The Tribe has fallen.
Where did I come from? In the short term or the long term? Well, the short term is a good place to start. It’s been the major cause of stress in my life since December, since The Party. Being the only one with a job leading a lifestyle of anarchy. Which is what it really was. Three people living in a house with upwards of twelve people staying there at any given time, no bills paid…ever…no rent paid…ever…and yet we survived, how did we eat? I stole food and whatnot to keep everyone fed. I stole so much all the time for months, and I fell down a deep hole losing my sense of identity.
Was I a thief? I tried finding myself in hallucinogenics perhaps trying to find the answer in some strange trip. Being single for so long I tried finding myself in the arms of others, all I managed to do was lose myself. Somewhere in the middle of January I had a nervous breakdown with some kind of fierce sky high blood pressure. Thus, I was in the hospital until that came down.
Disgusted with myself and the living conditions I was in I set out to try and find a home, the building we were staying in was condemned thus forcing the tribe to scatter…kind of…I lost my job, my car, and my home within the space of a week. Surprisingly I didn’t find myself depressed. I did find myself homeless for three weeks though, which sucked. Not the first time I’ve had to deal with that, though I do hope it to be the last.
However, now I’ve been living in the new house for two weeks, with the two people I was supposed to live with for a while. I’ve stopped the illegal activities because I am generally a law abiding citizen,
Still without a car I’m almost surely employed, and I have a roof over my head, I’m still not eating, but I can stand to lose a few pounds anyway.

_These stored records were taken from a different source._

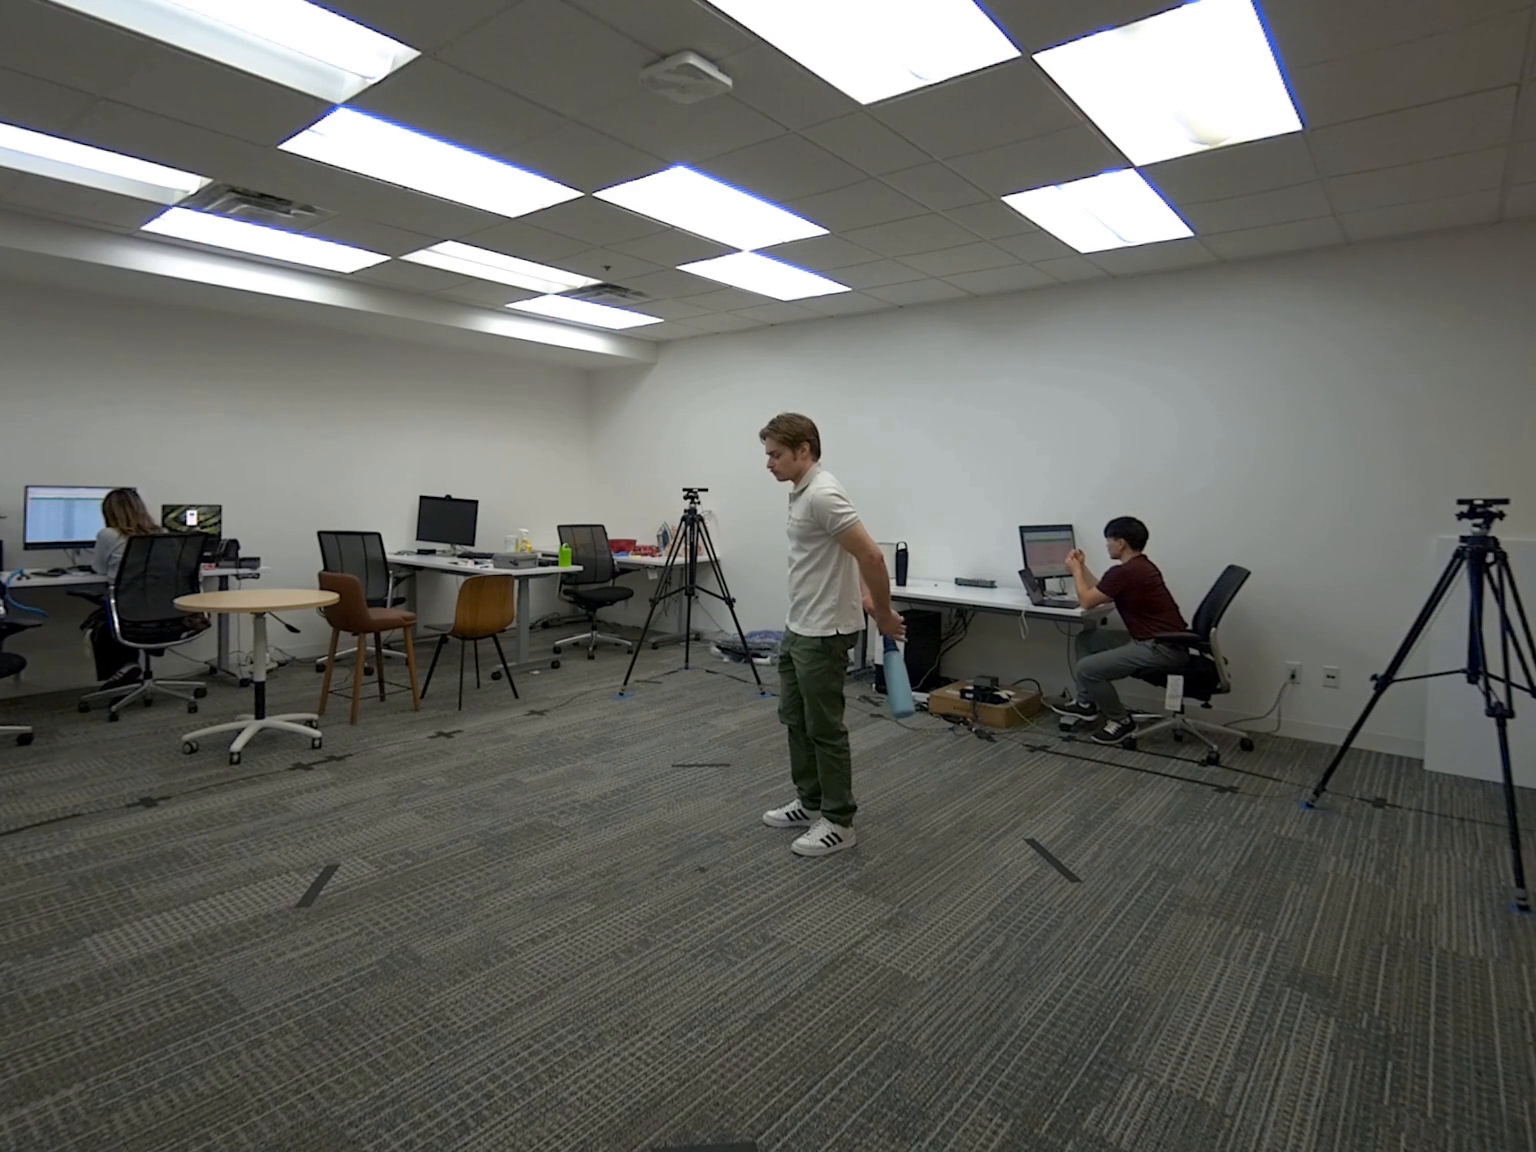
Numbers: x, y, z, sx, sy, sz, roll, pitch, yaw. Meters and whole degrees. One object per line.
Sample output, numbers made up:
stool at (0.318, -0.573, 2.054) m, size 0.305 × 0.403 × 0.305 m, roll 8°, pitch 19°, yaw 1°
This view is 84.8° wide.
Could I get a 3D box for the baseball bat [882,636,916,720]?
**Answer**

The new house is not without it’s problems, trying to escape the rough lifestyle I was leading as the trailblazer that I was amongst the tribe has lead me to become the papa bear of the community, thus there are only supposed to be three people living here and for the past two weeks we’ve had seven, not counting the other two nights we had even more here. This cannot be, we’ve given four of the people until Monday to get out and the last until April (he was the only one we’d said could even stay here). But now, what are they doing to rectify their situation?
Nothing.
They are jobless (for over a year now), and have no place to go. Seeing as how I was homeless, they need to man up and do what they have to do. It took me less than a week to find a job. Why have they been unemployed for over a year now? The one doesn’t bathe, doesn’t do anything except sleep and play video games. All they do is drugs, I’ve moved on, they can’t do that here and they need to get out. I still love them, I am only hard on them for their own sake.
The tribe has fallen, as their father figure it is dead and rotting, the tribe began dying long ago we could just not smell its stink. I love them to death, but it’s over. We must all move on, the Universe has spoken, we are not meant to be so joined as we were, I’ve come to terms with this, why can’t they?